Latina in Italy
My name is Natalie Salazar, and I am Puerto Rican- Mexican- American. Currently I am in Pavia, Italy where I’m studying for the next year.
In the last couple weeks, I have been interacting with students from all over the world, admittedly most from Europe. Conversations have normally begun with “What’s your name?” quickly followed by “What country are you from?” Once I say I’m from the United States I normally hear some form of “Wow, so far! Why did you want to come here?” but the thing that gets me is at one point I heard “but you don’t look American.” (What is an American supposed to look like?)

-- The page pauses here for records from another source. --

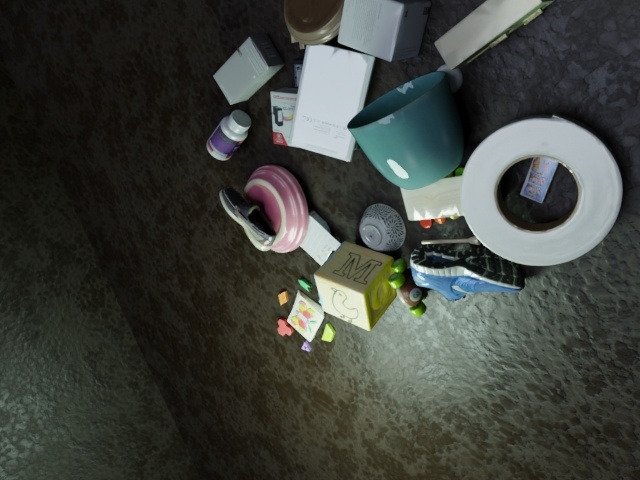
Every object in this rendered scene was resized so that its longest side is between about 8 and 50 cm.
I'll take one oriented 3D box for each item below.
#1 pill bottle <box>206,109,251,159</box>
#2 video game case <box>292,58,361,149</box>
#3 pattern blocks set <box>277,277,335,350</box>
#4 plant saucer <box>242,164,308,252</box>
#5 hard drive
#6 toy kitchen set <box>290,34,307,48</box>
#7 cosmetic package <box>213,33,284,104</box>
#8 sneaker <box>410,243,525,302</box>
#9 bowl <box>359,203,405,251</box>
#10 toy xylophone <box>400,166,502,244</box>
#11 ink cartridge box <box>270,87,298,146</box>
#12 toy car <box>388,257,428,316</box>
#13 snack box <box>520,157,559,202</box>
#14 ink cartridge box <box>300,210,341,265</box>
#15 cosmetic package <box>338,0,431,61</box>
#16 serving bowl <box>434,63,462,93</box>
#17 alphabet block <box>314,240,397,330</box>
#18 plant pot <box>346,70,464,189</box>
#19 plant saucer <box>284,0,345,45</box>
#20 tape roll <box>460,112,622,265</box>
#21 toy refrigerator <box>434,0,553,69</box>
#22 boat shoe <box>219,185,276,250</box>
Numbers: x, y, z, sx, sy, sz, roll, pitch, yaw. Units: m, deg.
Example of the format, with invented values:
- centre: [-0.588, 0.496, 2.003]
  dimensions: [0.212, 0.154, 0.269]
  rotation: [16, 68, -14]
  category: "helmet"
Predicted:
- centre: [-0.334, -0.392, 2.118]
  dimensions: [0.108, 0.108, 0.193]
  rotation: [55, 134, 5]
  category: "pill bottle"
- centre: [0.021, -0.440, 1.846]
  dimensions: [0.248, 0.035, 0.275]
  rotation: [14, 118, 35]
  category: "video game case"
- centre: [-0.061, 0.305, 2.288]
  dimensions: [0.285, 0.026, 0.325]
  rotation: [27, 126, 27]
  category: "pattern blocks set"
- centre: [-0.184, -0.111, 2.116]
  dimensions: [0.332, 0.084, 0.332]
  rotation: [19, 117, 42]
  category: "plant saucer"
- centre: [0.031, -0.424, 1.752]
  dimensions: [0.210, 0.040, 0.319]
  rotation: [18, 114, 11]
  category: "hard drive"
- centre: [-0.043, -0.638, 1.778]
  dimensions: [0.075, 0.068, 0.083]
  rotation: [11, 118, 36]
  category: "toy kitchen set"
- centre: [-0.246, -0.581, 1.955]
  dimensions: [0.238, 0.107, 0.127]
  rotation: [-31, 92, 41]
  category: "cosmetic package"
- centre: [0.428, 0.104, 1.686]
  dimensions: [0.329, 0.130, 0.147]
  rotation: [9, 137, 13]
  category: "sneaker"
- centre: [0.186, -0.028, 1.878]
  dimensions: [0.170, 0.080, 0.170]
  rotation: [19, 123, 32]
  category: "bowl"
- centre: [0.369, -0.106, 1.682]
  dimensions: [0.322, 0.081, 0.236]
  rotation: [5, 114, 38]
  category: "toy xylophone"
- centre: [-0.092, -0.405, 1.882]
  dimensions: [0.127, 0.072, 0.175]
  rotation: [15, 119, 35]
  category: "ink cartridge box"
- centre: [0.334, 0.121, 1.796]
  dimensions: [0.188, 0.149, 0.155]
  rotation: [-28, 111, 28]
  category: "toy car"
- centre: [0.584, -0.188, 1.503]
  dimensions: [0.064, 0.022, 0.178]
  rotation: [28, 126, 26]
  category: "snack box"
- centre: [0.000, 0.000, 2.081]
  dimensions: [0.179, 0.045, 0.145]
  rotation: [41, 132, 11]
  category: "ink cartridge box"
- centre: [0.172, -0.594, 1.560]
  dimensions: [0.183, 0.151, 0.152]
  rotation: [31, 128, 27]
  category: "cosmetic package"
- centre: [0.346, -0.441, 1.575]
  dimensions: [0.083, 0.027, 0.083]
  rotation: [19, 123, 33]
  category: "serving bowl"
- centre: [0.123, 0.147, 1.913]
  dimensions: [0.197, 0.193, 0.193]
  rotation: [19, 141, 33]
  category: "alphabet block"
- centre: [0.254, -0.282, 1.567]
  dimensions: [0.293, 0.293, 0.235]
  rotation: [-12, 117, 43]
  category: "plant pot"
- centre: [-0.007, -0.706, 1.657]
  dimensions: [0.277, 0.041, 0.278]
  rotation: [-5, 82, 38]
  category: "plant saucer"
- centre: [0.556, -0.127, 1.467]
  dimensions: [0.391, 0.072, 0.392]
  rotation: [9, 113, 23]
  category: "tape roll"
- centre: [0.425, -0.534, 1.412]
  dimensions: [0.269, 0.102, 0.094]
  rotation: [-32, 89, 44]
  category: "toy refrigerator"
- centre: [-0.253, -0.095, 2.062]
  dimensions: [0.285, 0.102, 0.092]
  rotation: [53, 130, 13]
  category: "boat shoe"
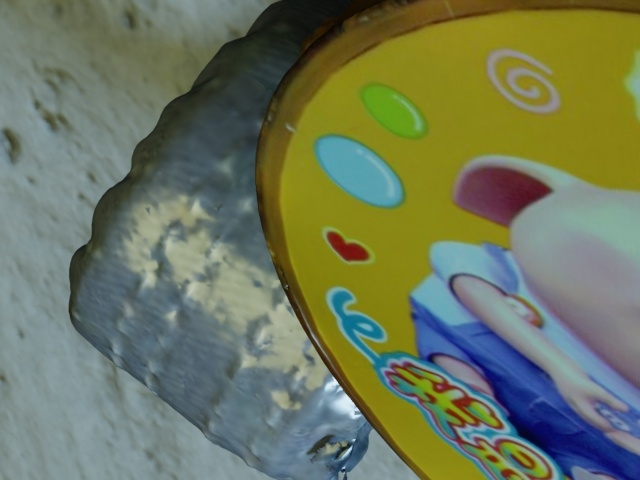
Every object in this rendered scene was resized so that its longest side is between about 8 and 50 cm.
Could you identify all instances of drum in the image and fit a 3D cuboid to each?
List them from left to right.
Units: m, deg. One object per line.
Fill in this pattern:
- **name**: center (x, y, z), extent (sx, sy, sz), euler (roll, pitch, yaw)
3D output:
- **drum**: center (0.208, 0.002, 0.631), extent (0.431, 0.214, 0.431), euler (27, 153, 15)

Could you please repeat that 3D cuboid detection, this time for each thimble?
- **thimble**: center (0.000, 0.000, 0.996), extent (0.172, 0.236, 0.205), euler (38, 125, 5)
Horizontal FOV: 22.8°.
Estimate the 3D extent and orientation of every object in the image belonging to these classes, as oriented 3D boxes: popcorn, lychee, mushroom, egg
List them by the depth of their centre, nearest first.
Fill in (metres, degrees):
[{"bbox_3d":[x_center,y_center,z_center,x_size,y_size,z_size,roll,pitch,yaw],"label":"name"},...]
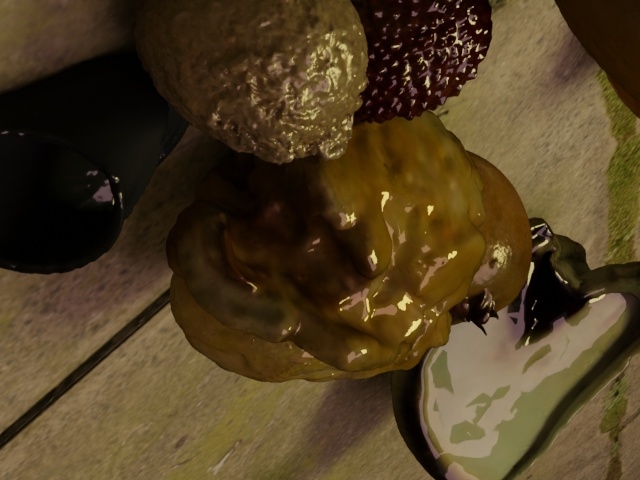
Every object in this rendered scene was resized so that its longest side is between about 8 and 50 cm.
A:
[{"bbox_3d":[-0.035,-0.104,0.878,0.116,0.140,0.118,-6,-115,64],"label":"egg"},{"bbox_3d":[0.045,-0.133,0.968,0.129,0.123,0.123,-57,162,-21],"label":"lychee"},{"bbox_3d":[0.000,0.003,1.057,0.190,0.191,0.253,-29,166,40],"label":"popcorn"},{"bbox_3d":[0.181,0.077,1.563,0.292,0.212,0.217,-41,115,20],"label":"mushroom"}]

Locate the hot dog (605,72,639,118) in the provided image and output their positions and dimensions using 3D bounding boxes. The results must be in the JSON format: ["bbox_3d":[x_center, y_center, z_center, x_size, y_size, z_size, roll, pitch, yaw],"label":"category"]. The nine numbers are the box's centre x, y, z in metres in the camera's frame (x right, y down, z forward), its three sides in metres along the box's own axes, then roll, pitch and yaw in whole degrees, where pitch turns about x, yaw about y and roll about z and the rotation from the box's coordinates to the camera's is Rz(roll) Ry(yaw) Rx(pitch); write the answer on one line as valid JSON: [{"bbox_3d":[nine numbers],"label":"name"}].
[{"bbox_3d":[0.422,-0.253,1.322,0.405,0.185,0.223,-41,158,-11],"label":"hot dog"}]

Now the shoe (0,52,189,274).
[{"bbox_3d":[-0.152,-0.023,0.869,0.241,0.093,0.108,-20,145,-41],"label":"shoe"}]

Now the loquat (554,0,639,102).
[{"bbox_3d":[0.299,-0.224,1.029,0.328,0.328,0.359,-48,-171,8],"label":"loquat"}]

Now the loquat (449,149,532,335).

Obviously, they didn’t mean it maliciously, but with the political climate in the U.S., I felt the need to explain myself. Since the comment I have always immediately answered "where are you from" with “I'm from the U.S. but my mom is from Puerto Rico, and my Dad is from Mexico, and I was born in the U.S.” Being Latina in the U.S. is hard enough, I’m not American enough, but I’m not Latina enough. It just threw me for a bit of a loop. My Spanish isn’t perfect, sometimes Spanish words mix into my English, sometimes I don’t know how to translate things properly and depending who I’m around, it’s just straight up Spanglish. Although I love speaking to the people from Spain, if they have any issues I just switch to Spanish with them. “You speak Spanish, but you’re American?!” and I go over my explanation if I haven’t already. There is a sense of pride to that, the ability to make a conversation bilingual. (I’m a linguistics major so I’m a bit of a dork about this.)
Through this and other things I’ve come to realize some things about the U.S. In the U.S. -from what I’ve experienced- we tend to self-segregate. The easiest way to show that is on our very own campus. For example, we have white frats, latinx frats, asian frats, and black frats. When people abroad ask about American colleges they ask is it “like the movies?” and I explain some of what goes on they find this self-segregation thing bizarre. I understand that to an extent. If you’re from Spain you’re more than likely Spanish, if from Portugal Portuguese and so on and so forth. In America that isn’t the case, we have Mexican-Americans, African-Americans, Polish-Americans and so on, their countries' histories aren’t similar to the U.S. there. Not taking political and socio-economic factors into consideration, the way we are raised, the language we speak at home and our cultural norms. We get along with those that are similar to us, that similarity being a byproduct of our heritage. Then when you look at the political and socio-economic factors there's a whole other issue, which will be discussed further in part two.
It is just so interesting to look at Americans from the eyes of people around the world.